Antwerp workshops followed a standardized formula for these impressive altarpieces. Using prefabricated components and depicting similar themes meant these altarpieces were not exorbitantly expensive. This one was purchased for the chapel at the château of Pagny in Burgundy in the 1530s. Its gilded figures would have lent a note of brilliant color to the stony chapel.

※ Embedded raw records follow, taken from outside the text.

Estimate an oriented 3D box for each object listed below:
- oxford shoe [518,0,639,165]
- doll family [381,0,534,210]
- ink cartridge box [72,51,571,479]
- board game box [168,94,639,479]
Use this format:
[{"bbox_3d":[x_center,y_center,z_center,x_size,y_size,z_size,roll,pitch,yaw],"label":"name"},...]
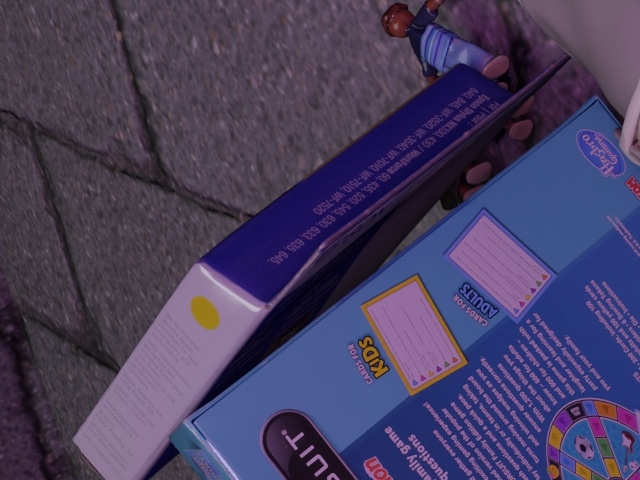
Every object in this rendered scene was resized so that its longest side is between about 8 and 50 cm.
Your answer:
[{"bbox_3d":[0.236,-0.071,1.052,0.449,0.130,0.169,47,152,35],"label":"oxford shoe"},{"bbox_3d":[0.091,-0.095,1.369,0.111,0.076,0.193,42,134,39],"label":"doll family"},{"bbox_3d":[0.000,0.000,1.230,0.072,0.303,0.307,44,135,8],"label":"ink cartridge box"},{"bbox_3d":[0.118,0.112,1.153,0.254,0.336,0.079,52,162,3],"label":"board game box"}]

Its origin was largely forgotten until its acquisition by the museum, where it was reunited with the choir screen from the same chapel (1930-1-84a–d).


Object Details
Chapel, Château de Pagny, near Dijon, France; transferred in the mid-nineteenth century by the Duc d'Uzès to Château de Wideville, Seine-et-Oise; Comte [or Marquis] de Galard [1]; "Château de W." sale, Galerie Georges Petit, Paris, April 25, 1921, no. 35. George Grey Barnard (1863-1938), New York, probably after 1925 and definitely by 1937 [2]; Barnard Estate, temporarily housed at Barnard's Cloisters, Washington Heights, New York, 1938-1945; sold to PMA, 1945 [3].1. See Paul Court, "Vente du retable de la chapelle du château de Pagny," Mémoires de la commission des antiquités du département de la Côte-d'Or, vol. 17, 1913-21, p. 583. The retable passed into the Galard family through the marriage of the daughter of the Duc d'Uzès, Elisabeth de Crussol, to Louis Marie Hector, Marquis de Galard, in 1865. The 1921 sale catalogue notes that the retable was in the possession of "M. le comte de Galard". 2. After the sale of Barnard's first collection to the Metropolitian Museum of Art in 1925, he formed his second collection, including this altarpiece, between 1925 and his death in 1938. This work is listed in a press release on the collection issued by Barnard in 1937.3. For the provenance see Fiske Kimball, "The George Grey Barnard Collection," PMA Bulletin, vol. 40, no. 205, March 1945, n.p.; David DuBon, "A Note on the Pagny Retable", PMA Bulletin, vol. 56, no. 267, Autumn 1960, p. 39-40, and Peter C. Sutton, Northern European Paintings in the Philadelphia Museum of Art: From the Sixteenth through the Nineteenth Century, Philadelphia, 1990, no. 22, p. 58-64.